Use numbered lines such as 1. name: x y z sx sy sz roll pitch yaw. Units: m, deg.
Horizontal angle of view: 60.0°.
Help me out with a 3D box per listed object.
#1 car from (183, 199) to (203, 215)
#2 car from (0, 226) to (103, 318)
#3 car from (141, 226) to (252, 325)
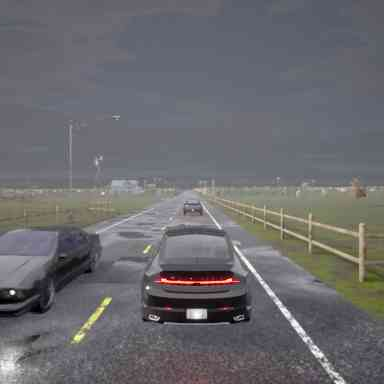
_____
Among the lines above, which contain the word "from"? Copy every one.

— TASK RESPONSE —
#1 car from (183, 199) to (203, 215)
#2 car from (0, 226) to (103, 318)
#3 car from (141, 226) to (252, 325)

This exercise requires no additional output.